Bridging Vision Foundation and Vision–Language Models for Open-Vocabulary Semantic Segmentation of UAV Imagery
Round 1
Reviewer 1 Report
Comments and Suggestions for AuthorsThis study proposes HOSU, a hybrid OVSS framework that integrates distribution-aware fine- tuning, text-guided multi-level regularization, and masked feature consistency to inject DINOv2’s fine-grained spatial priors into CLIP, while maintaining CLIP-only inference. Then, it uses 4 training settings and 6 UAV benchmarks to verify. The dataset is substantial and the experiments are comprehensive. To further enhance the quality of the manuscript, the following points should be addressed.
- The introduction of learnable proxy queries is a key design choice to avoid fine-tuning CLIP's weights directly. However, the motivation and advantage of this mechanism are not sufficiently elaborated.
- Figures 6-9 are valuable for visual comparison. However, the captions only list the datasets and methods. They would be more impactful with brief annotations pointing out specific improvements. For example, it would be beneficial toadd some annotations directly to the figures or provide a more detailed narrative in the caption to guide the reader's attention to the key visual evidence of HOSU's superiority.
- The ablation study in Table 4 effectively shows that each component contributes to the overall performance. However, it would be even more insightful to analyze which specific challenges each component addresses.
- The paper rightly highlights the advantage of a "CLIP-only inference" pipeline. However, there is no quantitative analysis of its efficiency compared to other methods that might use multiple heavy backbones during inference.Please include a comparison of model parameters (M), GFLOPs, and/or FPS against the main baselines.
- Furthermore, while the inference is efficient, the training process leverages CLIP and DINOv2 models. The potential computational overhead and memory footprint during training should be acknowledged and briefly discussed.
- There are a few inconsistent formats. (a)With the exception of Reference [11], none of the other cited sources provide DOI numbers. (b)References 12 and 13 contain abbreviated conference names.
Author Response
Please see the attachment.
Author Response File:
Author Response.pdf
Reviewer 2 Report
Comments and Suggestions for AuthorsThis study focuses on the field of open-vocabulary semantic segmentation (OVSS) for UAV imagery, which is both theoretically challenging and practically valuable. It innovatively proposes the HOSU hybrid framework, leveraging the powerful feature extraction capability of DINOv2 and the multimodal capability of CLIP to effectively break through the performance bottlenecks of traditional methods. This work provides a valuable technical solution for UAV imagery in the field of open-vocabulary segmentation.

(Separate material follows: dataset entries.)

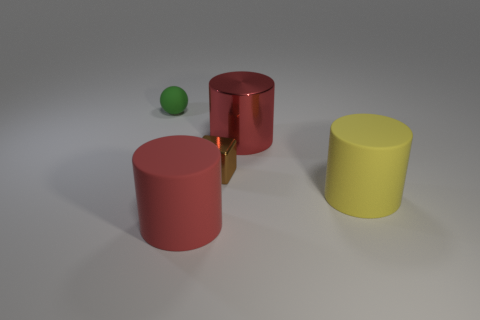There is a rubber cylinder that is the same size as the red rubber object; what is its color?
Offer a terse response. Yellow. Do the big yellow thing and the red thing in front of the brown object have the same shape?
Give a very brief answer. Yes. There is a big red cylinder behind the rubber cylinder that is to the left of the rubber cylinder that is behind the red rubber object; what is its material?
Provide a short and direct response. Metal. How many big objects are shiny cylinders or green matte cubes?
Ensure brevity in your answer.  1. How many other objects are the same size as the shiny cube?
Keep it short and to the point. 1. Is the shape of the large red thing in front of the brown metal block the same as  the small green rubber thing?
Offer a very short reply. No. There is another large shiny thing that is the same shape as the big yellow object; what color is it?
Ensure brevity in your answer.  Red. Is there anything else that is the same shape as the tiny green object?
Make the answer very short. No. Are there an equal number of green balls in front of the green matte ball and green shiny cylinders?
Provide a succinct answer. Yes. How many objects are behind the large yellow object and in front of the large metallic object?
Give a very brief answer. 1.

However, the following issues require further discussion:
The decoder part of the paper adopts a segmentation head composed of dilated convolutions and FFN for semantic segmentation. Have other types of segmentation heads been tested to evaluate their impact on model performance? It is recommended to conduct comparative experiments to verify the effectiveness of the current decoder.
Although the proposed method achieves improved performance on small categories, no comparison of mIoU between large and small categories is provided. This makes it impossible to determine whether the model is overfitting to large categories and whether the performance improvement on small categories is statistically significant, resulting in a lack of quantitative support for the method's effectiveness in addressing class imbalance.
The current HOSU framework only supports open-vocabulary semantic segmentation for RGB imagery. Can the data be extended to commonly used UAV imagery types such as multispectral imagery? Additionally, can the task scope be expanded to include object detection and instance segmentation for UAV imagery?
It is hoped that the research team can open-source the code and model weights to facilitate experiment reproduction and further research in this field.
Author Response
Please see the attachment.
Author Response File:
Author Response.pdf
Reviewer 3 Report
Comments and Suggestions for AuthorsA nice work. Some comments
1) how image content and the type of Remote sensing imaging can affect the results?
2) which is the computational cost?
3) how well the semantic segmentation can be generalised?
4) the advantages of OVSS should be strengthened more.
Author Response
Please see the attachment.
Author Response File:
Author Response.pdf
Round 2
Reviewer 1 Report
Comments and Suggestions for AuthorsThe questions have basically been addressed.
Reviewer 2 Report
Comments and Suggestions for AuthorsMy technical concerns have been fully clarified. As a supplementary suggestion, optimizing the typographic scale in Figures 8-11 would achieve better visual harmony with the document's layout.